Dataset:
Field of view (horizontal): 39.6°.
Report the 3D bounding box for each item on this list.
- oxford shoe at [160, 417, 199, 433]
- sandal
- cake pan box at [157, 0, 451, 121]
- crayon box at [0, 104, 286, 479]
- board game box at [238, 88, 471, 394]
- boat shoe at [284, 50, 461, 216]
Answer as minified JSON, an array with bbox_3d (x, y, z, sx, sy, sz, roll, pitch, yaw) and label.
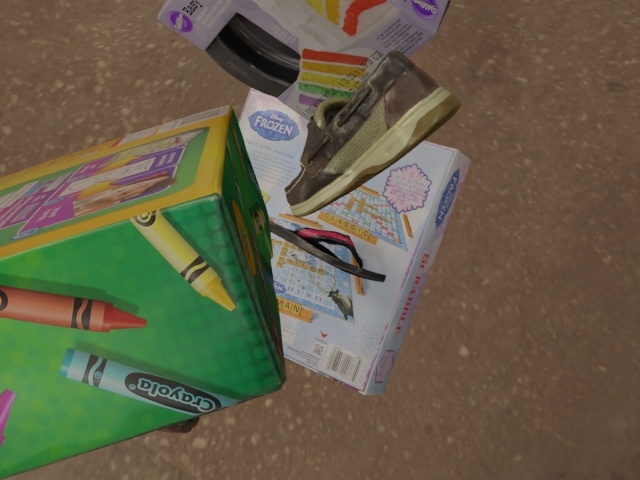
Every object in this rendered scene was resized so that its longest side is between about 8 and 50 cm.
[{"bbox_3d":[-0.147,0.145,0.867,0.096,0.227,0.083,32,71,-18],"label":"oxford shoe"},{"bbox_3d":[0.000,0.000,1.054,0.179,0.067,0.040,27,89,20],"label":"sandal"},{"bbox_3d":[-0.030,-0.259,0.999,0.246,0.267,0.070,34,60,-19],"label":"cake pan box"},{"bbox_3d":[-0.112,0.008,0.439,0.165,0.278,0.081,-18,106,0],"label":"crayon box"},{"bbox_3d":[-0.008,-0.007,1.159,0.318,0.066,0.318,22,91,28],"label":"board game box"},{"bbox_3d":[0.026,-0.084,0.714,0.080,0.223,0.073,-35,92,-30],"label":"boat shoe"}]
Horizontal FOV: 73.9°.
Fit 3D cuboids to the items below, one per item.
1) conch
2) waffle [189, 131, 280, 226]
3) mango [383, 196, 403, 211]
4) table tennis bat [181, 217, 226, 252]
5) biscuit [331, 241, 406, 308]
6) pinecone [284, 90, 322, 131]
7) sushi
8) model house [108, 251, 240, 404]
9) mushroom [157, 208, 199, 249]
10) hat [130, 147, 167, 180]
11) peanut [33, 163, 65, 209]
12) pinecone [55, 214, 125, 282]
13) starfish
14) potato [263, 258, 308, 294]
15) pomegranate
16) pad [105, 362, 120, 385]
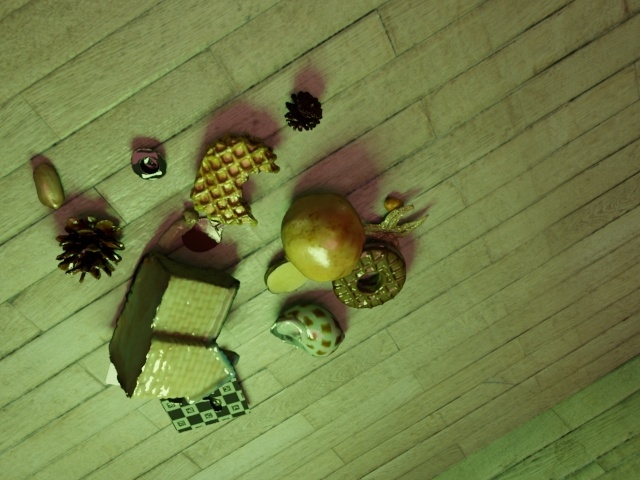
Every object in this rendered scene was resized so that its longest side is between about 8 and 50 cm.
[{"bbox_3d":[-0.034,0.384,1.795,0.249,0.197,0.368,-17,129,36],"label":"conch"},{"bbox_3d":[-0.298,-0.213,1.484,0.260,0.151,0.325,20,104,-23],"label":"waffle"},{"bbox_3d":[0.297,-0.144,1.717,0.089,0.046,0.060,2,113,-19],"label":"mango"},{"bbox_3d":[-0.417,-0.036,1.606,0.220,0.019,0.130,-28,116,1],"label":"table tennis bat"},{"bbox_3d":[0.203,0.149,1.769,0.331,0.103,0.333,-5,125,-7],"label":"biscuit"},{"bbox_3d":[-0.063,-0.437,1.456,0.140,0.140,0.120,26,138,-23],"label":"pinecone"},{"bbox_3d":[-0.522,0.664,1.870,0.342,0.064,0.360,-16,118,-2],"label":"sushi"},{"bbox_3d":[-0.498,0.314,1.586,0.399,0.394,0.446,19,91,-37],"label":"model house"},{"bbox_3d":[-0.526,-0.037,1.558,0.202,0.054,0.059,-40,80,13],"label":"mushroom"},{"bbox_3d":[-0.582,-0.262,1.445,0.121,0.050,0.121,-8,119,-15],"label":"hat"},{"bbox_3d":[-0.891,-0.175,1.396,0.076,0.076,0.152,-9,110,-10],"label":"peanut"},{"bbox_3d":[-0.784,0.038,1.454,0.202,0.202,0.229,2,139,0],"label":"pinecone"},{"bbox_3d":[0.290,-0.017,1.765,0.298,0.060,0.303,-6,126,-13],"label":"starfish"},{"bbox_3d":[-0.135,0.130,1.718,0.200,0.081,0.164,-22,129,-9],"label":"potato"},{"bbox_3d":[0.000,0.000,1.566,0.341,0.342,0.343,-5,115,-11],"label":"pomegranate"},{"bbox_3d":[-0.789,0.519,1.771,0.156,0.004,0.232,17,109,-21],"label":"pad"}]
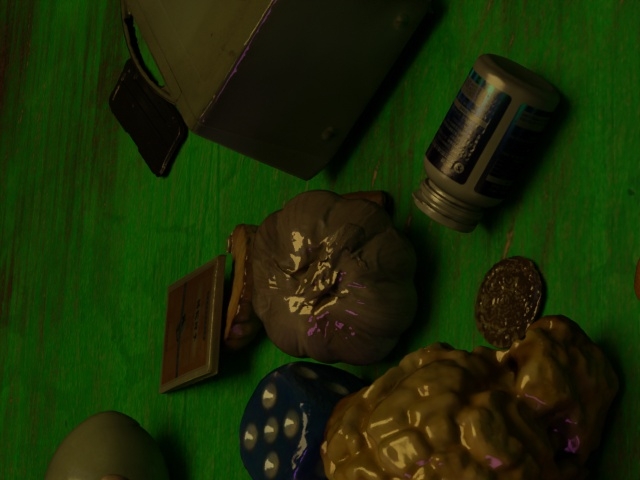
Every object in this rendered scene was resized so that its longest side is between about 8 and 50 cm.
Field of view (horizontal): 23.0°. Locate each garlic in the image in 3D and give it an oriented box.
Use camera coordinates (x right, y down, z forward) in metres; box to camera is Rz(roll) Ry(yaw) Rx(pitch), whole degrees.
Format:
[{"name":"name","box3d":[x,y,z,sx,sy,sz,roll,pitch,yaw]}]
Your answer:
[{"name":"garlic","box3d":[0.012,0.048,1.918,0.228,0.152,0.228,6,103,25]}]

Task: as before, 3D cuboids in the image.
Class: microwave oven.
[{"name":"microwave oven","box3d":[-0.071,-0.327,2.118,0.333,0.247,0.394,-55,41,25]}]

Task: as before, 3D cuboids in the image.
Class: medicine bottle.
[{"name":"medicine bottle","box3d":[0.186,-0.109,1.809,0.191,0.107,0.107,-62,38,19]}]

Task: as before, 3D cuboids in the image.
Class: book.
[{"name":"book","box3d":[-0.187,0.125,2.269,0.241,0.018,0.170,150,126,-64]}]

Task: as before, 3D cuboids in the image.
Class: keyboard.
[{"name":"keyboard","box3d":[-0.283,-0.204,2.567,0.106,0.016,0.262,-62,38,20]}]

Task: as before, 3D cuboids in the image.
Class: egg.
[{"name":"egg","box3d":[-0.307,0.370,2.258,0.186,0.186,0.253,-22,65,49]}]

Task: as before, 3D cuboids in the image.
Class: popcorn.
[{"name":"popcorn","box3d":[0.160,0.217,1.628,0.332,0.265,0.225,-35,61,-8]}]

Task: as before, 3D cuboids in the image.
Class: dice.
[{"name":"dice","box3d":[-0.005,0.240,1.921,0.146,0.146,0.143,45,117,50]}]

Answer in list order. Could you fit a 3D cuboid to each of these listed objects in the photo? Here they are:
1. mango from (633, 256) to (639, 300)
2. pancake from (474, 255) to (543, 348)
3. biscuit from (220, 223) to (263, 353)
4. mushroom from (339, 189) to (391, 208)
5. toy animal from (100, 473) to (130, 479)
[{"name":"mango","box3d":[0.397,0.099,1.418,0.187,0.144,0.359,-45,43,32]},{"name":"pancake","box3d":[0.213,0.069,1.793,0.115,0.011,0.115,-23,61,49]},{"name":"biscuit","box3d":[-0.099,0.070,2.178,0.118,0.061,0.183,-171,93,-72]},{"name":"mushroom","box3d":[0.000,-0.002,2.050,0.210,0.094,0.072,-53,44,35]},{"name":"toy animal","box3d":[-0.150,0.418,1.933,0.277,0.345,0.247,-52,15,-24]}]
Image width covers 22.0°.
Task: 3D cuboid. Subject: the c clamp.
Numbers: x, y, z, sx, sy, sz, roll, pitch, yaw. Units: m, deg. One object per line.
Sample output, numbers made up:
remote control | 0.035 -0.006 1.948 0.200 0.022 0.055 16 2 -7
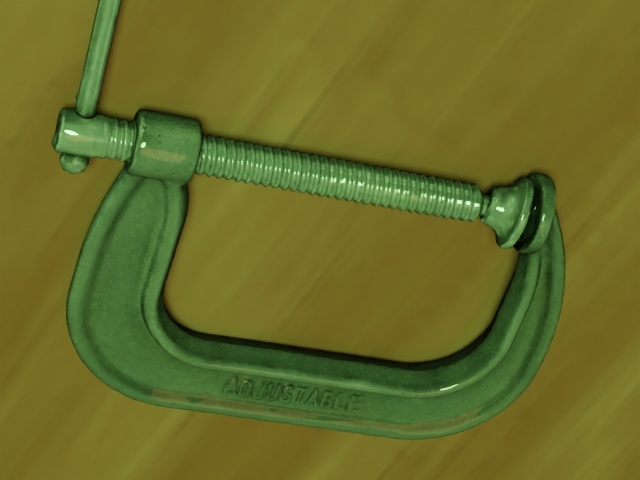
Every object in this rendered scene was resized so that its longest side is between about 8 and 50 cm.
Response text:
c clamp | 0.000 0.000 0.442 0.160 0.022 0.137 14 120 -19
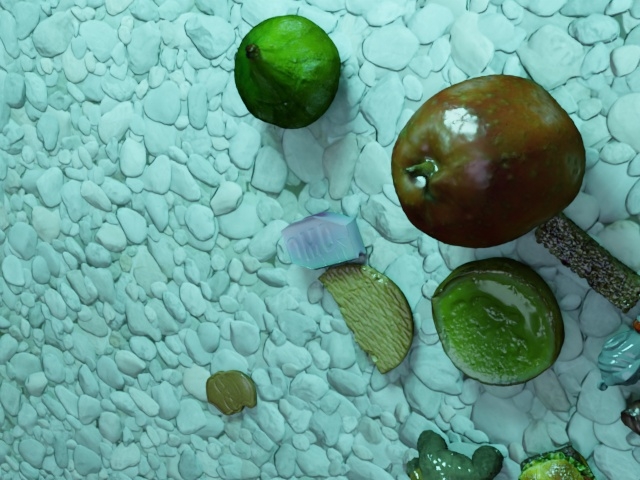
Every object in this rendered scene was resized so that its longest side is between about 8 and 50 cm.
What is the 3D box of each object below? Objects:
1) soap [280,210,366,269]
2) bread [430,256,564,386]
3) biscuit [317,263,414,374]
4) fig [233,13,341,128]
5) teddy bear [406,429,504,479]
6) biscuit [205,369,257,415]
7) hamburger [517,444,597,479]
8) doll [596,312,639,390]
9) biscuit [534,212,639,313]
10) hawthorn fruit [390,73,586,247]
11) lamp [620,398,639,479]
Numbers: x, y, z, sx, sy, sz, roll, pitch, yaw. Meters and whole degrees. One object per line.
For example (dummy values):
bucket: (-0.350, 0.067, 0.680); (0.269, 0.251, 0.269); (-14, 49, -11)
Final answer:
soap: (0.000, 0.000, 1.467); (0.149, 0.056, 0.100); (-14, 96, 29)
bread: (0.301, 0.139, 1.346); (0.236, 0.070, 0.236); (9, 110, 25)
biscuit: (0.100, 0.130, 1.467); (0.144, 0.033, 0.224); (-37, 87, 29)
fig: (-0.078, -0.280, 1.321); (0.203, 0.235, 0.203); (6, 106, 21)
teddy bear: (0.236, 0.464, 1.445); (0.177, 0.140, 0.190); (13, 119, 20)
biscuit: (-0.195, 0.328, 1.686); (0.130, 0.019, 0.102); (-17, 96, 31)
hamburger: (0.422, 0.451, 1.366); (0.137, 0.087, 0.166); (-30, 90, 31)
doll: (0.507, 0.172, 1.252); (0.094, 0.079, 0.180); (34, 106, -12)
biscuit: (0.436, 0.032, 1.264); (0.199, 0.034, 0.064); (42, 120, 11)
hawthorn fruit: (0.239, -0.117, 1.188); (0.275, 0.299, 0.275); (16, 111, 48)
lamp: (0.597, 0.316, 1.215); (0.223, 0.151, 0.215); (171, 83, -73)
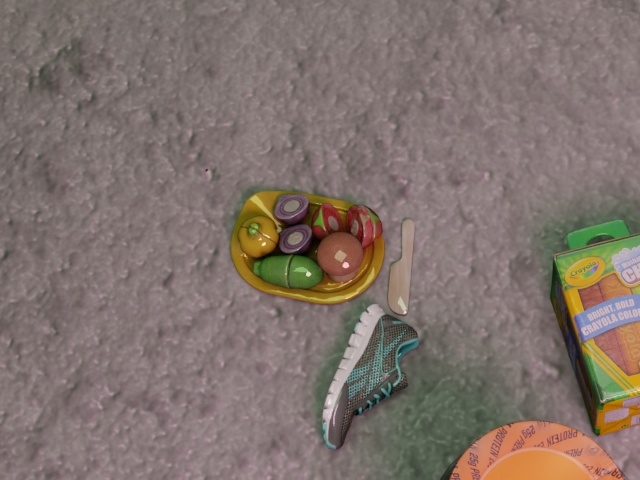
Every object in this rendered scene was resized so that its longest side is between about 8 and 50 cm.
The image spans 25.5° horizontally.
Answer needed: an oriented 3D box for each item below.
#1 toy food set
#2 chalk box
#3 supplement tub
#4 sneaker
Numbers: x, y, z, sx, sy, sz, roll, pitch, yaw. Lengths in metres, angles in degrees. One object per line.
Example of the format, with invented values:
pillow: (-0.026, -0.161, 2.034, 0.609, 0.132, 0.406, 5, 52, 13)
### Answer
toy food set: (0.000, 0.000, 1.578, 0.218, 0.071, 0.128, 10, 70, 12)
chalk box: (0.318, 0.073, 1.469, 0.132, 0.132, 0.213, -16, 67, 1)
supplement tub: (0.193, 0.294, 1.287, 0.193, 0.316, 0.194, -3, 59, 5)
sneaker: (0.054, 0.151, 1.516, 0.076, 0.065, 0.166, 21, 74, 12)
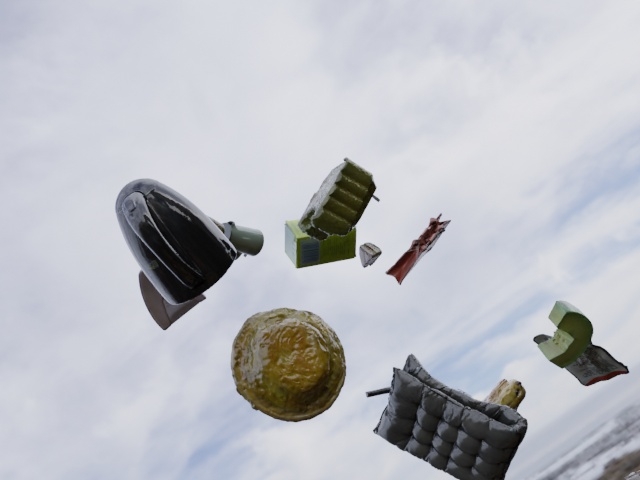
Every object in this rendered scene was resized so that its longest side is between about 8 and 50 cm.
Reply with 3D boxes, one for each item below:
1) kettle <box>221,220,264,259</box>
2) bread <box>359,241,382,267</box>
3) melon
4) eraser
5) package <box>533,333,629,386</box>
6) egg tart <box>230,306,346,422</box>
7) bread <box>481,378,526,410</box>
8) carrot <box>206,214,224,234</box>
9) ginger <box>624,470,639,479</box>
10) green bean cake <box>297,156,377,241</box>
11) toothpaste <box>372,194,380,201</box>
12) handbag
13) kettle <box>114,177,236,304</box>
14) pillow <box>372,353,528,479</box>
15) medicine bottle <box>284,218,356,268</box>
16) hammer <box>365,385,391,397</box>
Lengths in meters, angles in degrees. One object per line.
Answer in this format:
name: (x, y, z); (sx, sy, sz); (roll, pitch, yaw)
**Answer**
kettle: (-0.291, 0.001, 2.389); (0.148, 0.098, 0.127); (14, -37, -44)
bread: (0.138, 0.036, 1.972); (0.043, 0.062, 0.109); (-20, -17, -19)
melon: (0.625, 0.240, 1.753); (0.118, 0.064, 0.209); (0, -53, -15)
eraser: (-0.567, 0.185, 2.501); (0.204, 0.059, 0.243); (-37, -67, 4)
package: (0.719, 0.314, 1.905); (0.166, 0.232, 0.040); (-38, 18, 51)
egg tart: (-0.077, 0.310, 1.776); (0.319, 0.318, 0.128); (-27, -12, -18)
bread: (0.455, 0.497, 1.887); (0.210, 0.099, 0.235); (-34, -29, -44)
carrot: (-0.348, -0.045, 1.849); (0.173, 0.082, 0.082); (29, -63, -29)
ginger: (0.729, 0.550, 1.415); (0.321, 0.165, 0.172); (-28, 34, 58)
green bean cake: (0.048, -0.104, 1.987); (0.232, 0.124, 0.236); (-60, 10, -8)
toothpaste: (0.211, -0.188, 2.835); (0.015, 0.083, 0.024); (-50, 8, 11)
handbag: (0.286, 0.022, 2.001); (0.212, 0.059, 0.157); (-43, -12, -36)
kettle: (-0.355, -0.010, 1.594); (0.207, 0.268, 0.290); (-35, -68, 0)
pillow: (0.299, 0.436, 1.615); (0.101, 0.326, 0.228); (-34, -37, -51)
medicine bottle: (0.000, 0.000, 2.564); (0.250, 0.137, 0.141); (-8, -63, -20)
hammer: (0.240, 0.463, 2.157); (0.201, 0.021, 0.078); (-12, -10, -1)

Task details: Using the records above, restate word for word the lines from the one with "1) kettle <box>221,220,264,259</box>" through the one with "name: (x, y, z);", both included.

Answer space:
1) kettle <box>221,220,264,259</box>
2) bread <box>359,241,382,267</box>
3) melon
4) eraser
5) package <box>533,333,629,386</box>
6) egg tart <box>230,306,346,422</box>
7) bread <box>481,378,526,410</box>
8) carrot <box>206,214,224,234</box>
9) ginger <box>624,470,639,479</box>
10) green bean cake <box>297,156,377,241</box>
11) toothpaste <box>372,194,380,201</box>
12) handbag
13) kettle <box>114,177,236,304</box>
14) pillow <box>372,353,528,479</box>
15) medicine bottle <box>284,218,356,268</box>
16) hammer <box>365,385,391,397</box>
Lengths in meters, angles in degrees. One object per line.
Answer in this format:
name: (x, y, z); (sx, sy, sz); (roll, pitch, yaw)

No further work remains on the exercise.